If you want to know what the actual garbage characters are, I copied the offending line from your code and pasted it into a string in a Python interpreter:
>>> s=' values = list(analysis.values ())'
>>> s
' values \u200b\u200b= list(analysis.values \u200b\u200b())'
So, that's \u200b, or ZERO WIDTH SPACE. That explains why you can't see it on the page. Most commonly, you get these because you've copied some formatted (not plain-text) code off a site like StackOverflow or a wiki, or out of a PDF file.
If your editor doesn't give you a way to find and fix those characters, just delete and retype the line.
Of course you've also got at least two IndentationErrors from not indenting things, at least one more SyntaxError from stay spaces (like = = instead of ==) or underscores turned into spaces (like analysis results instead of analysis_results).
The question is, how did you get your code into this state? If you're using something like Microsoft Word as a code editor, that's your problem. Use a text editor. If not… well, whatever the root problem is that caused you to end up with these garbage characters, broken indentation, and extra spaces, fix that, before you try to fix your code.
If your keyboard is set to English US (International) rather than English US the double quotation marks don't work. This is why the single quotation marks worked in your case.
Similar to the previous answers, the problem is some character (possibly invisible) that the Python interpreter doesn't recognize. Because this is often due to copy-pasting code, re-typing the line is one option.
But if you don't want to re-type the line, you can paste your code into this tool or something similar (Google "show unicode characters online"), and it will reveal any non-standard characters. For example,
s=' values = list(analysis.values ())'
becomes
s=' values U+200B U+200B = list(analysis.values U+200B U+200B ())'
You can then delete the non-standard characters from the string.
Carefully see your quotation, is this correct or incorrect! Sometime double quotation doesn’t work properly, it's depend on your keyboard layout.
I got a similar issue. My solution was to change minus character from:
—
to
-
I got that error, when sometimes I type in Chinese language.
When it comes to punctuation marks, you do not notice that you are actually typing the Chinese version, instead of the English version.
The interpreter will give you an error message, but for human eyes, it is hard to notice the difference.
For example, "," in Chinese; and "," in English.
So be careful with your language setting.

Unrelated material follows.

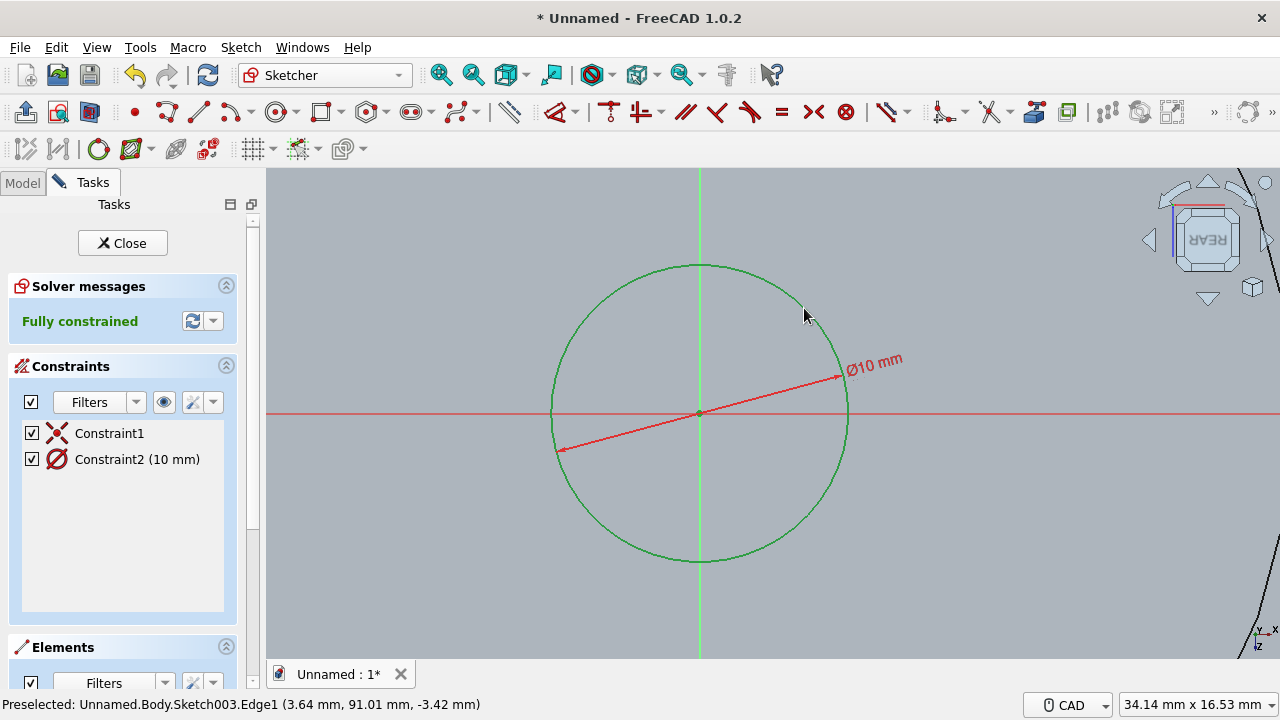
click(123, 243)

Not sure this is right on but when i copied some code form a paper on using pgmpy and pasted it into the editor under Spyder, i kept getting the "invalid character in identifier" error though it didn't look bad to me. The particular line was grade_cpd = TabularCPD(variable='G',\
For no good reason I replaced the ' with " throughout the code and it worked. Not sure why but it did work
A little bit late but I got the same error and I realized that it was because I copied some code from a PDF. Check the difference between these two:
-
−
The first one is from hitting the minus sign on keyboard and the second is from a latex generated PDF.

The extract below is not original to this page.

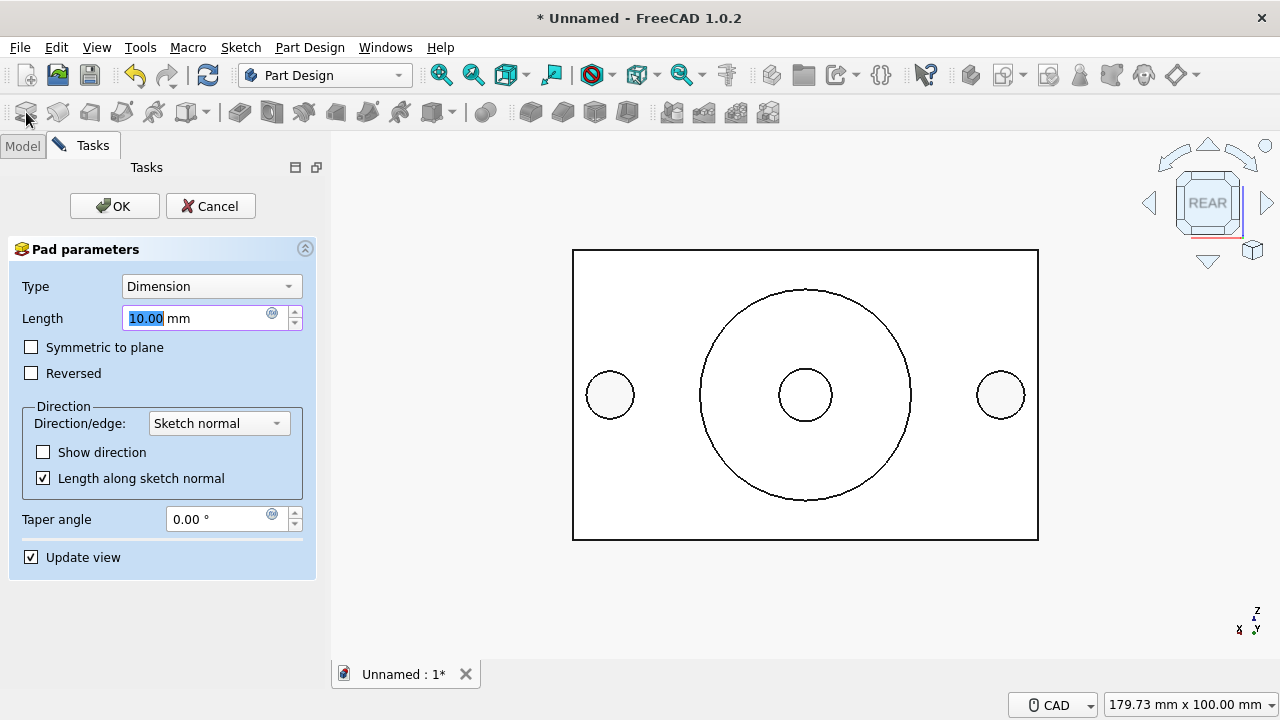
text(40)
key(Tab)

This error occurs mainly when copy-pasting the code. Try editing/replacing minus(-), bracket({) symbols.
You don't get a good error message in IDLE if you just Run the module. Try typing an import command from within IDLE shell, and you'll get a much more informative error message. I had the same error and that made all the difference.
(And yes, I'd copied the code from an ebook and it was full of invisible "wrong" characters.)
My solution was to switch my Mac keyboard from Unicode to U.S. English.
it is similar for me as well after copying the code from my email.
def update(self, k=1, step = 2):
if self.start.get() and not self.is_paused.get(): U+A0
x_data.append([i for i in range(0,k,1)][-1])
y = [i for i in range(0,k,step)][-1]
There is additional U+A0 character after checking with the tool as recommended by #Jacob Stern.